In January 1811, relying on the support of several associates she considered to be reliable, Cornëlie Lebon rented a mansion at 11 rue de Bercy in the Faubourg Saint-Antoine. Drawing on the earlier experience with her husband in 1801 at the Hôtel de Seigneley, she installed a thermolamp there in order to demonstrate the effects of gas lighting both inside the house and in the gardens. She was able to benefit from the presence of Prince Repnin who was visiting Paris. The Courrier de lÉurope reported on 22 January 1811 that Prince Repnin and his distinguished associates had played an active part in what turned out to be a highly-successful demonstration.

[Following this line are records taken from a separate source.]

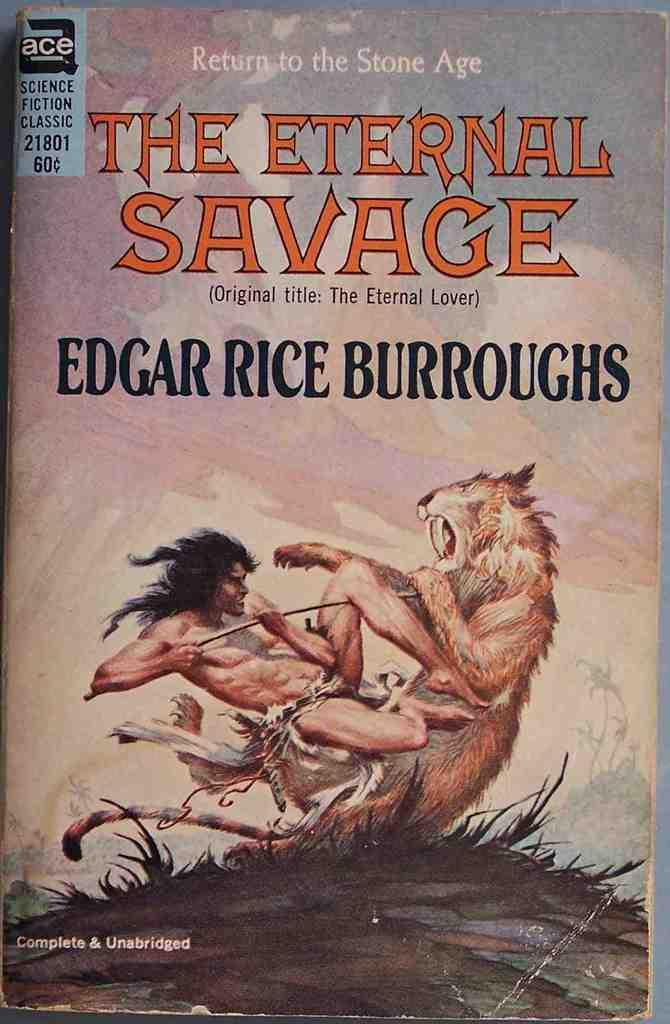Provide a one-sentence caption for the provided image. A book called "The Eternal Savage" by Edgar Rice Burroughs is shown with a man fighting a beast on its cover. 
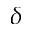<formula> <loc_0><loc_0><loc_500><loc_500>\delta</formula> 
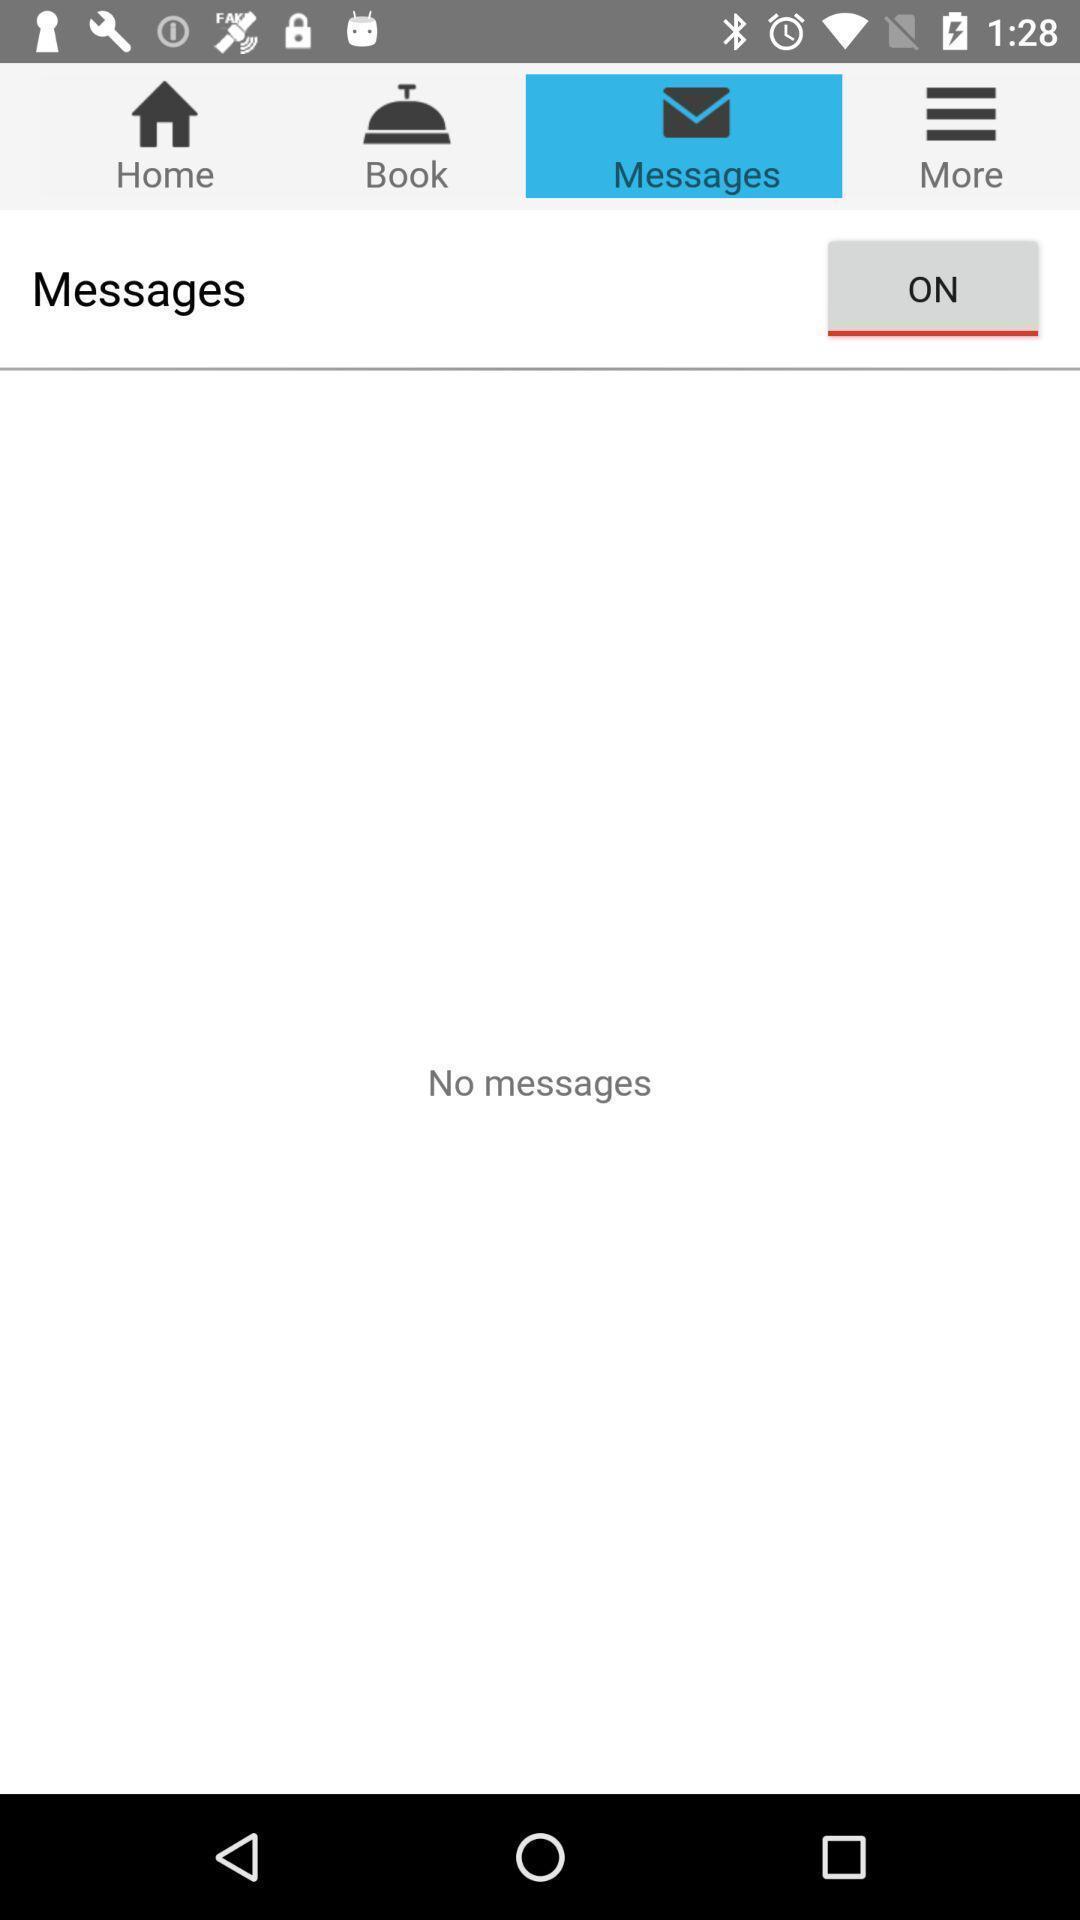What can you discern from this picture? Screen showing messages page. 
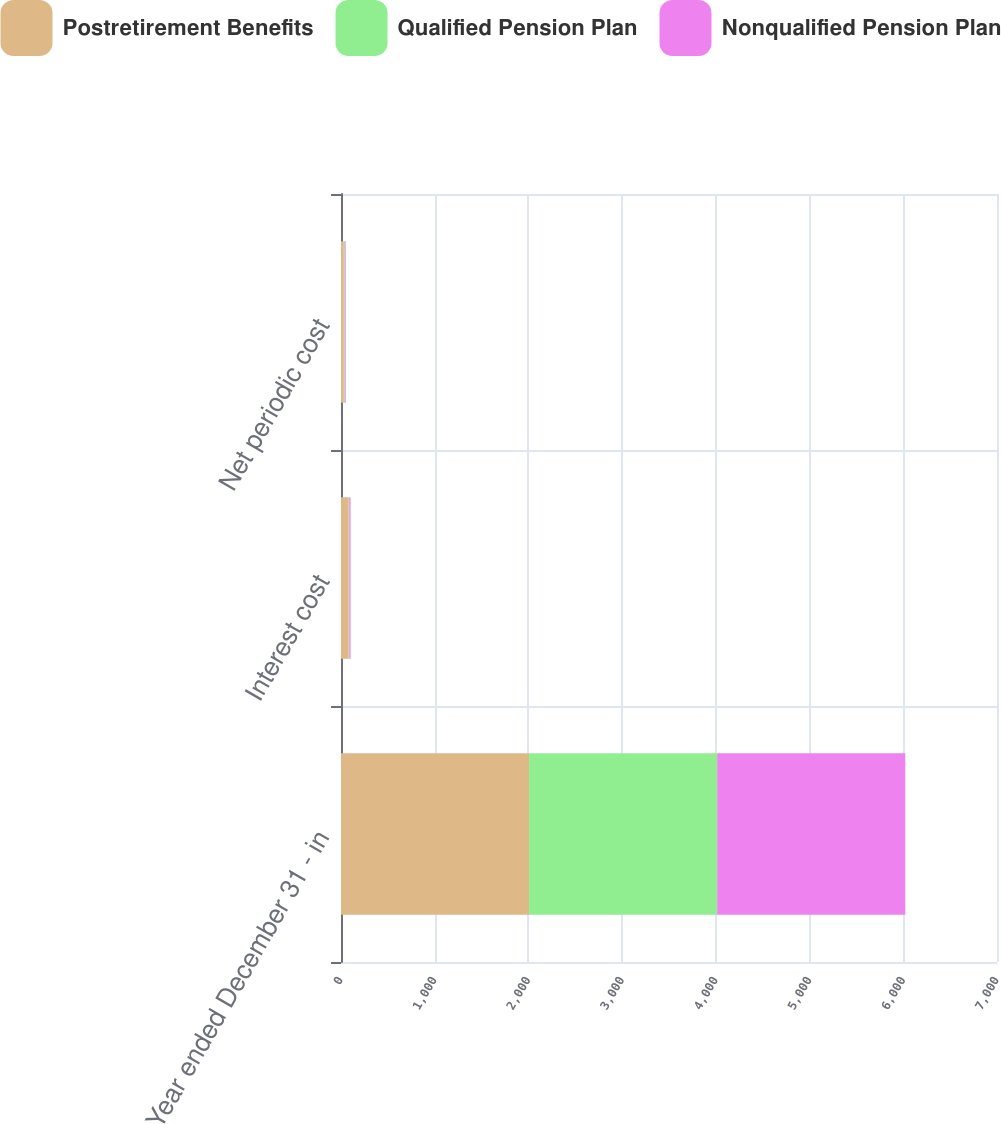Convert chart to OTSL. <chart><loc_0><loc_0><loc_500><loc_500><stacked_bar_chart><ecel><fcel>Year ended December 31 - in<fcel>Interest cost<fcel>Net periodic cost<nl><fcel>Postretirement Benefits<fcel>2007<fcel>82<fcel>30<nl><fcel>Qualified Pension Plan<fcel>2007<fcel>6<fcel>10<nl><fcel>Nonqualified Pension Plan<fcel>2007<fcel>14<fcel>10<nl></chart> 
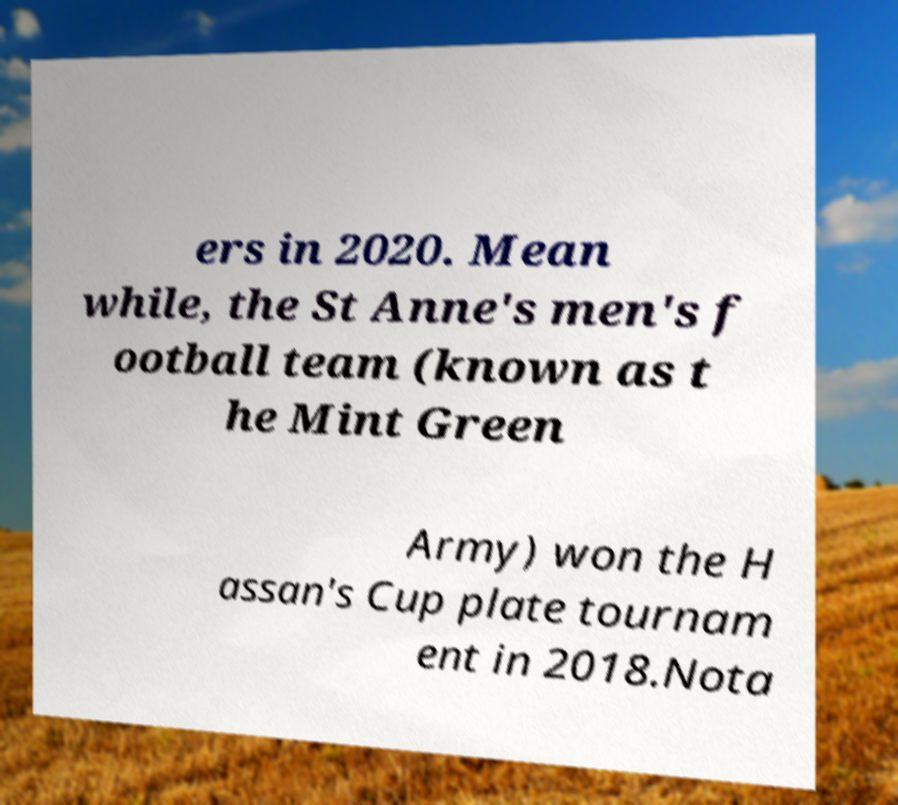Please read and relay the text visible in this image. What does it say? ers in 2020. Mean while, the St Anne's men's f ootball team (known as t he Mint Green Army) won the H assan's Cup plate tournam ent in 2018.Nota 
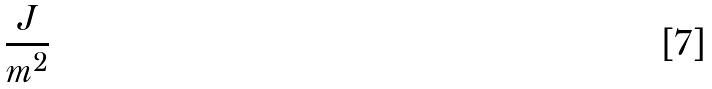<formula> <loc_0><loc_0><loc_500><loc_500>\frac { J } { m ^ { 2 } }</formula>

On 23 April 1811, wishing to bring her husband's invention to the attention of the authorities, Cornélie Lebon published a memoir on the distillation of wood. She submitted the memoir to the Société d'encouragement pour l'industrie nationale (Society for the Encouragement of National Industry), with a covering note explaining that while she hoped to bring the economic benefits of her husband's work to the attention of the pertinent authorities, she was happy to have been able to improve the invention by simplifying the equipment and increasing the number of products and applications. (Guidée par l’espoir de réveiller votre précieuse attention sur la manière économique inventée par Lebon de procéder à la distillation des combustibles et sur l'utilité des produits qu'on en retire, j'ai pris la très humble liberté d'essayer de remettre sous vos yeux, l'invention de mon mari. J'ai été assez heureuse pour la perfectionner, simplifier les appareils en multiplier les applications et augmenter les produits).

Her memoir was well received and was said to have clearly confirmed that Lobon was the investor of the thermolamp. It was suggested that the successes of hydrogen-rich coal gas lighting by the English should also be developed in France.

As a result of her memoir, on 4 September 1811, she received an award for "arts chimiques" (chemical arts) from the Société d’Encouragement pour l’Industrie Nationale (Society for the Encouragement of National Industry). The following December, the Minister of the Interior, Jean-Pierre, Count of Montalivet, sent Lebon a decree granting her a life pension of 1,200 francs, specifically for her experience of products resulting from the distillation of wood, as "widow of Sieur Lebon, inventor of the thermolamp".

Lebon died in Paris on 2 September 1812, aged only 45, in her apartment at 3 rue Neuve des petits champs. Struck by difficulties caused by associates who had turned against her, she was no longer able to continue work on the thermolamp since the successes of 1811. She is buried in a modest tomb at the Père Lachaise Cemetery. Her elder son Henri-Hyppolyte was later buried beside her.

== Aftermath ==
Cornélie Lebon had called on legal experts to challenge Friedrich Albrecht Winzer, later known as Winsor, who claimed to have discovered gas lighting. Following Lebon's death, in 1815 Winsor founded the first gas company in Paris. His name quickly became associated with the rollout of gas lighting in France with the result that Philippe and Cornélie Lebon were soon forgotten.

Although there is no mention of her scientific work in her husband's memoirs, Lebon played a key role in the early attempts to develop gas lighting. Her influence was felt particularly in Liège, Belgium, where she installed one of the first gas lighting demonstrations at the premises of the Société Libre d'Émulation. It is nevertheless thanks to Cornélie Lebon that we have a detailed account of her husband's achievements, without which Philippe Lebon might not have been recognised as the inventor of gas lighting.

== Honours and awards ==
- Prix des Arts chimiques in 1811, from the Société d’Encouragement pour l’Industrie Nationale (Society for the Encouragement of National Industry).

In 2026, thanks to a proposal from AFEGAZ-COPAGAZ, Cornélie Lebon was announced as one of 72 historical women in STEM whose names have been proposed to be added to the 72 men already celebrated on the Eiffel Tower. The plan was announced by the Mayor of Paris, Anne Hidalgo following the recommendations of a committee led by Isabelle Vauglin of Femmes et Sciences and Jean-François Martins, representing the operating company which runs the Eiffel Tower.